There is, unquestionably, a seeming hardship in considering the appellant as a grantor and covenantor, in his deeds to the person for whom he was transacting the business merely as an agent. But hé placed himself in a situation where he must suffer, unless he can be relieved consistently with the rules of law. To admit the evidence offered by him, would be to permit him directly to contradict his deed. In that he declares himself to be the owner of the land, and to have lawful right to convey it; and his express and unequivocal covenants would be defeated by verbal declarations — contrary to the intent of our statutes, and the principles of the common law, which alike prohibit the provisions of solemn instruments to be impaired or defeated by paroi testimony.

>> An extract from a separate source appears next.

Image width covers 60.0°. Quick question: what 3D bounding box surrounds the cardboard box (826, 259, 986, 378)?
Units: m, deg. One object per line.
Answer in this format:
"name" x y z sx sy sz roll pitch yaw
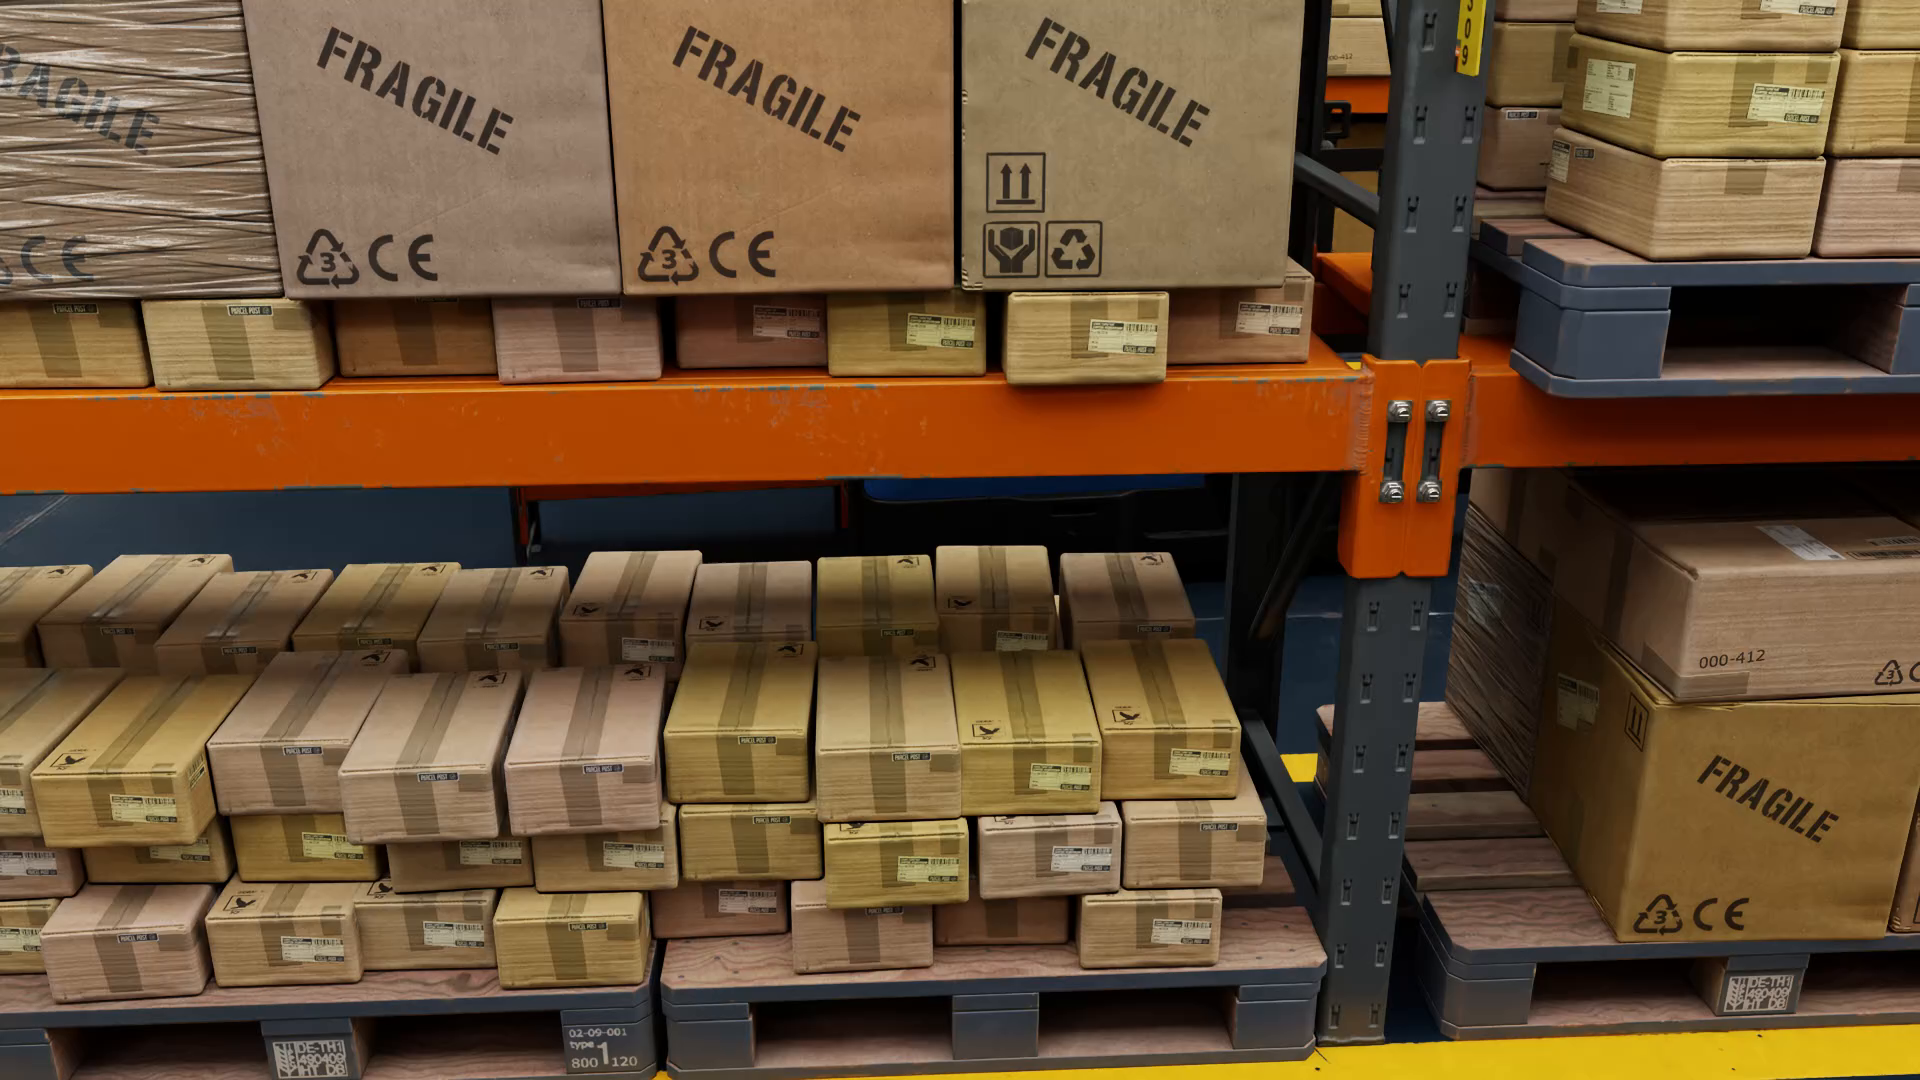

Nor have we more enlarged jurisdiction for the application of principles of equity, when exercising appellate authority as a court of probate, than we should have as a court of common law; for the rules of evidence, as well as of property, bind us equally in either capacity, except where, by statute, a difference is made; and we know of no statute provision applicable to this case.
If the appellant suffers, it is because he was incautious in the mode of conducting his business. To give him relief in the form proposed, would be opening a door to all the mischiefs which the wisdom of the common law, and the discretion of our own legislature, have thought it necessary to close, although, by so doing, some meritorious claims may be shut out. (a)
Decree affirmed
Baker vs. Dewey, 1 B. & C. 704. — Rowntree vs. Jacob, 2 Taunt. 141.— Gris wold vs. Messinger, 6 Pick. 517. — Emery vs. Chase, 5 Gr. 232. — Sed vide Wilkinson vs. Scott, 17 Mass. Rep 249. — Bowen vs. Bell, 20 Johns. 338.